The Raza years also saw some pretty dismal financial statements, the worst being 2018. According to the company’s latest financial documents, the bank declared a loss before tax of Rs666 million in 2014. It then somewhat improved, declaring profit before tax of Rs34 million in 2015, and Rs4 million in 2016, before once again nosediving and recording a loss before tax of Rs116 million in 2017.
The loss before taxation for the period ending 30 September 2018 (the most recent publicly available financial statement) was Rs105.4 million (just for comparison, the loss before tax for the preceding period was Rs139 million).
Non-performing loans also shot up during this time period. NPLs shot up from Rs763 million in 2013, to Rs1.4 billion in 2014, to an all-time high of Rs1.96 billion in 2016. For the period ending 30 September 2018, NPLs remained at Rs1.7 billion. The bank was only able to recover Rs178.4 million. (In 2017, it was able to recover Rs201 million out of the Rs1.6 billion worth of NPLs).
It was in the years of 2017 and 2018 that there was talk of closing the bank for good.

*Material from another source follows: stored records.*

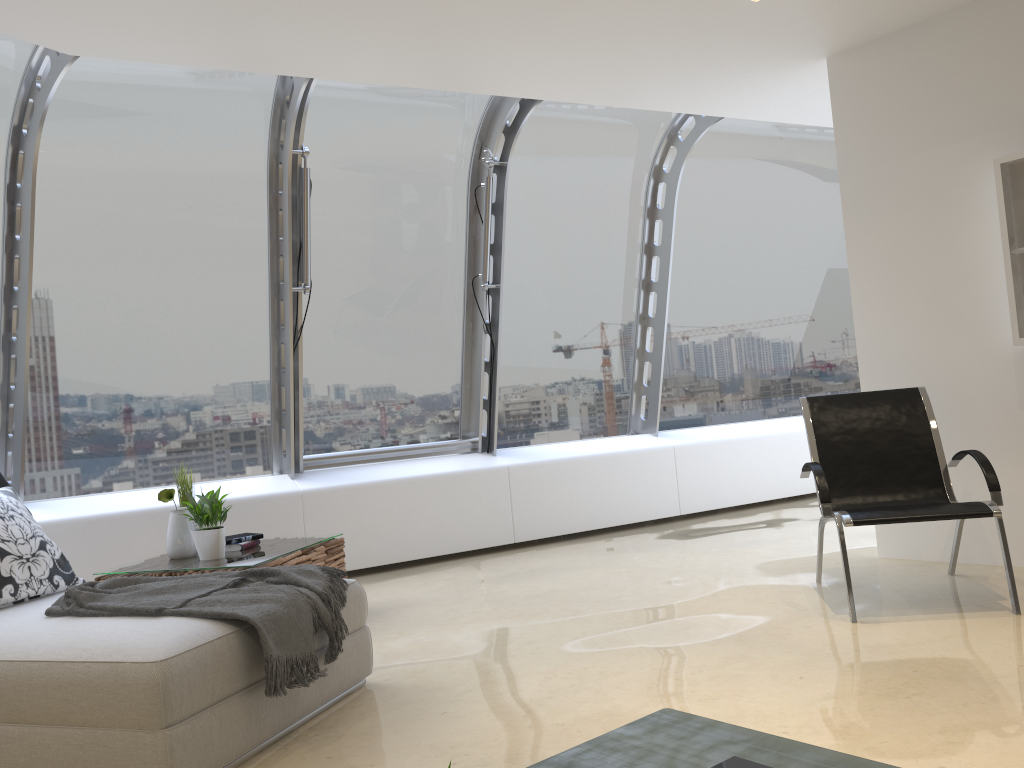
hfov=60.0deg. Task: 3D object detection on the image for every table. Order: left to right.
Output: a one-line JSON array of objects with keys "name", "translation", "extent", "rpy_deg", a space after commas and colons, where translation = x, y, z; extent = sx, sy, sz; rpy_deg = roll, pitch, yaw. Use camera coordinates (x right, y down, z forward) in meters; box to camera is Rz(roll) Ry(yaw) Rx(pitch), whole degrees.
[{"name": "table", "translation": [-1.468, 1.095, 4.632], "extent": [0.923, 0.436, 1.007], "rpy_deg": [-6, -2, 15]}, {"name": "table", "translation": [-0.083, 0.959, 1.155], "extent": [1.982, 0.187, 0.594], "rpy_deg": [-4, -2, -38]}]

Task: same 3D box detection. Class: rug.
[{"name": "rug", "translation": [0.080, 1.036, 1.116], "extent": [2.923, 0.012, 2.194], "rpy_deg": [-4, -2, -40]}]

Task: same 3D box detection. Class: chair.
[{"name": "chair", "translation": [-1.725, 0.938, 3.332], "extent": [2.068, 0.690, 1.176], "rpy_deg": [-6, -2, 20]}, {"name": "chair", "translation": [1.790, 0.518, 4.158], "extent": [0.752, 0.972, 0.943], "rpy_deg": [-6, -2, 9]}]

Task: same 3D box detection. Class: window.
[{"name": "window", "translation": [5.763, -0.896, 1.816], "extent": [16.171, 3.674, 16.693], "rpy_deg": [-4, -2, -35]}]

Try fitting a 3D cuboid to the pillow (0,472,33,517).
[{"name": "pillow", "translation": [-2.344, 0.639, 3.576], "extent": [0.510, 0.597, 1.070], "rpy_deg": [-6, -2, 20]}]

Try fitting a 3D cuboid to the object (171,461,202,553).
[{"name": "object", "translation": [-1.753, 0.652, 4.769], "extent": [0.150, 0.511, 0.153], "rpy_deg": [-6, -2, 18]}]

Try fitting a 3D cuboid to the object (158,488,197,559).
[{"name": "object", "translation": [-1.727, 0.713, 4.530], "extent": [0.152, 0.370, 0.297], "rpy_deg": [-5, -2, 4]}]

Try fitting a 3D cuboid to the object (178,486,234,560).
[{"name": "object", "translation": [-1.524, 0.694, 4.455], "extent": [0.284, 0.369, 0.215], "rpy_deg": [-5, -2, -7]}]

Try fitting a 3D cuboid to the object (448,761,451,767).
[{"name": "object", "translation": [-0.076, 0.680, 1.099], "extent": [0.215, 0.369, 0.284], "rpy_deg": [-6, -2, 28]}]

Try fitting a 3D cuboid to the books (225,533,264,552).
[{"name": "books", "translation": [-1.476, 0.851, 4.758], "extent": [0.246, 0.063, 0.265], "rpy_deg": [-7, -2, 36]}]

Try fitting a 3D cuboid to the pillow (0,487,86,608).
[{"name": "pillow", "translation": [-2.050, 0.628, 3.502], "extent": [0.431, 0.528, 0.683], "rpy_deg": [-6, -2, 14]}]

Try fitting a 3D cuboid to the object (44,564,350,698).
[{"name": "object", "translation": [-1.074, 0.847, 3.271], "extent": [1.024, 0.359, 0.825], "rpy_deg": [-6, -2, 18]}]

But enter Naushaba Shahzad
Naushaba Shahzad is very much a part of the FWBL original family. An MBA holder from IBA, and gold medalist at Punjab University in statistics, Shahzad spent 25 years at FWBL. For most of that time, she headed the risk management division, financial services desk and the bank’s credit portfolio. During her time, there was a threefold increase in the bank’s credit portfolio, while the classified portfolio was reduced to 1.51%.
Shahzad, on FBWLs’s website, is literally described as ‘a woman who delivers in crises’. And did she deliver. One of the things Shahzad is most proud of is the fast turn around of the bank.
“When I took over the charge as acting CEO/President in October 2018 the bank was running in losses in excess of Rs200 million. By taking the right steps in the right direction and working hard day and night, the bank has now turned into profits and has recorded pre-tax profits of Rs282 million.” Shahzad said.
Let us pause to actually consider just how amazing this is. FWBL in the last eight years did not see anything close to that range of profits. According to Shahzad, the remarkable performance convinced the external rating agency to improve its rating outlook from ‘negative’ to ‘positive’, based on just six months of performance.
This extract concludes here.